Varese

Storyboard, al Miv una mostra targata A-tube

Un cartone dello Zecchino d'Oro

Una prestigiosa rassegna, presso il Miv, è dedicata allo Storyboard, lo strumento visivo che anticipa la pellicola che si deve girare, offrendo spunti e indicazioni tecniche nella fase della sua realizzazione. E’ una delle iniziative promosse dal Festival A-tube di Varese, in programma dal 16 al 23 maggio presso il Multisala Impero di Varese. L’esposizione, a cura del direttore di A-tube Giorgio Ghisolfi e di Emanuela Rindi, propone al pubblico gli storyboards pervenuti al concorso di A-tube “The Golden Storyboard”, insieme ad altre opere relative a produzioni di grande notorietà, collezionate in giro per l’Italia ed il mondo, al fine di documentare al pubblico una attività artistica ancora sconosciuta eppure fondamentale nel mondo del cinema.

La prima parte della mostra è dedicata agli storyboard dei corti che concorrono per “The Golden Storyboard”; una sezione internazionale che vede protagonisti singoli autori (Jean Christophe Lie – Francia, Ivan Tsonov -Bulgaria, Jim Capobianco – Usa), team di professionisti (Sofa Studio – Taiwan), e gli studenti del Csc – Centro Sperimentale di Cinematografia (Italia, Torino).

Una seconda sezione presenta invece quattro eccellenti storyboard artists italiani che hanno lavorato sia per la realizzazione di lungometraggi che di serie televisive di successo: Paolo Morales, Giulio Cingoli, David Orlandelli e Paolo Cubadda. Un confronto tra quattro artisti e quattro stili molto diversi tra loro che mostra sia l’aspetto artigianale e personale di questa particolare fase della produzione cinematografica sia l’importanza di dare indicazioni dettagliate a chi, ad esempio, eseguirà le riprese, costruirà le ambientazioni, o disegnerà i costumi.

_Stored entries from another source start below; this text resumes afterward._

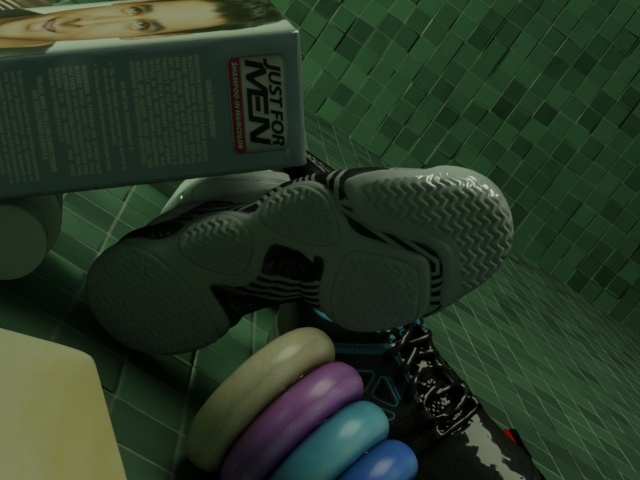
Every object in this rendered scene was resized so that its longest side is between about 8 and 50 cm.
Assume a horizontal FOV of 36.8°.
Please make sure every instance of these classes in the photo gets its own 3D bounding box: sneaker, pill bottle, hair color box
[{"bbox_3d":[0.074,0.142,0.918,0.125,0.140,0.341,-26,52,-39],"label":"sneaker"},{"bbox_3d":[-0.267,-0.031,0.829,0.087,0.087,0.160,30,15,-25],"label":"pill bottle"},{"bbox_3d":[-0.012,-0.019,0.841,0.210,0.365,0.137,-65,138,-59],"label":"sneaker"},{"bbox_3d":[-0.213,-0.119,0.775,0.374,0.114,0.185,-7,25,-11],"label":"hair color box"}]

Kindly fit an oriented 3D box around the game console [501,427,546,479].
[{"bbox_3d":[0.199,0.269,1.008,0.124,0.085,0.144,1,20,-9],"label":"game console"}]

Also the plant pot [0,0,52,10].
[{"bbox_3d":[-0.452,-0.320,1.339,0.237,0.110,0.237,35,12,-8],"label":"plant pot"}]

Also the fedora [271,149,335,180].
[{"bbox_3d":[-0.040,-0.018,1.220,0.334,0.152,0.334,35,13,-9],"label":"fedora"}]

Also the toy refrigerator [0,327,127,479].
[{"bbox_3d":[-0.121,0.166,0.378,0.094,0.102,0.269,25,26,-42],"label":"toy refrigerator"}]

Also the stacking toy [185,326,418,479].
[{"bbox_3d":[0.057,0.219,0.694,0.330,0.141,0.141,44,15,17],"label":"stacking toy"}]
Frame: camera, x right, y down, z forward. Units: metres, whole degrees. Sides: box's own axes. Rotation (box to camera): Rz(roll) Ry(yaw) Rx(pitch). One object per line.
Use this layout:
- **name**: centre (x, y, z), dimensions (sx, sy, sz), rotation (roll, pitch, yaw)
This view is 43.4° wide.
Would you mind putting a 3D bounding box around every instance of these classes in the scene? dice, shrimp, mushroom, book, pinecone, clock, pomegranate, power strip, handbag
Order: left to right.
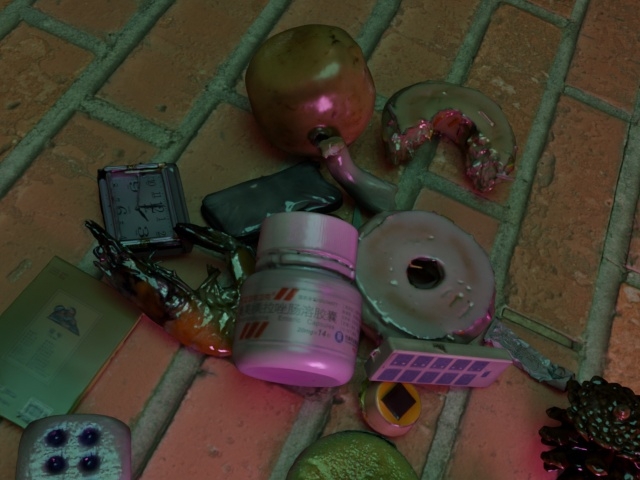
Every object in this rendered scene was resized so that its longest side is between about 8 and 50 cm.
- **book**: centre (-0.550, 0.215, 1.646), dimensions (0.239, 0.035, 0.352), rotation (29, 54, 4)
- **dice**: centre (-0.437, 0.428, 1.437), dimensions (0.194, 0.191, 0.193), rotation (4, 57, -14)
- **clock**: centre (-0.404, -0.068, 1.844), dimensions (0.187, 0.083, 0.253), rotation (-6, 59, -19)
- **shrimp**: centre (-0.298, 0.062, 1.727), dimensions (0.445, 0.085, 0.272), rotation (33, 64, -11)
- **handbag**: centre (-0.109, -0.096, 1.927), dimensions (0.332, 0.074, 0.191), rotation (-23, 46, -22)
- **pomegranate**: centre (-0.024, -0.369, 2.008), dimensions (0.333, 0.332, 0.332), rotation (7, 56, -10)
- **mushroom**: centre (0.095, -0.149, 1.971), dimensions (0.278, 0.096, 0.099), rotation (40, 58, -25)
- **power strip**: centre (0.263, 0.264, 1.724), dimensions (0.368, 0.106, 0.043), rotation (9, 42, -31)
- **pinecone**: centre (0.569, 0.422, 1.676), dimensions (0.264, 0.264, 0.264), rotation (7, 56, -10)

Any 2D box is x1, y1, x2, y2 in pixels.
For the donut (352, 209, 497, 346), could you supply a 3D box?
- **donut**: centre (0.219, 0.104, 1.854), dimensions (0.383, 0.142, 0.382), rotation (6, 56, -10)

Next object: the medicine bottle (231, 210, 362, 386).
- **medicine bottle**: centre (-0.039, 0.124, 1.666), dimensions (0.256, 0.256, 0.324), rotation (11, 72, -8)

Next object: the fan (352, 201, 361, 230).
- **fan**: centre (0.092, -0.058, 2.009), dimensions (0.038, 0.016, 0.193), rotation (15, 55, -15)

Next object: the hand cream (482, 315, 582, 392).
- **hand cream**: centre (0.498, 0.277, 1.871), dimensions (0.257, 0.050, 0.084), rotation (32, 53, 16)

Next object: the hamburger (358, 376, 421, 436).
- **hamburger**: centre (0.144, 0.348, 1.711), dimensions (0.141, 0.081, 0.126), rotation (37, 52, -6)

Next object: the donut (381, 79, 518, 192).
- **donut**: centre (0.337, -0.285, 2.142), dimensions (0.371, 0.150, 0.307), rotation (16, 54, -4)

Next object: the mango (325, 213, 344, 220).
- **mango**: centre (0.001, 0.002, 1.903), dimensions (0.178, 0.090, 0.115), rotation (-28, 58, -37)

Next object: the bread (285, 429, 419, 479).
- **bread**: centre (0.077, 0.516, 1.603), dimensions (0.302, 0.045, 0.301), rotation (8, 55, -11)

L’ultima parte del percorso è riservata all’animazione delle serie tv. Accanto al francese Mr. Niko (“Atomic Betty”) troviamo il noto storyboard artist italiano Davide Veca, e tre importanti studi d’animazione italiani: The Animation Band, a cui va il merito di aver portato sul piccolo schermo “Lupo Alberto”, il celebre personaggio disegnato da Silver, e “Il mondo di Stefi”, serie tratta dal romanzo di Grazia Nidasio e vincitrice del Pulcinella Award nel 2004; De Mas & Partner, nota per lavori di qualità come “Cocco Bill”, “La compagnia dei Celestini”, “I cartoni dello Zecchino d’Oro” e “Anna’s Tales”, che ha per protagonista una simpatica ragazzina sulla sedia a rotelle; e il Gruppo Alcuni, che ha appena tratto dalla serie tv di grande successo “Cuccioli”, l’omonimo lungometraggio.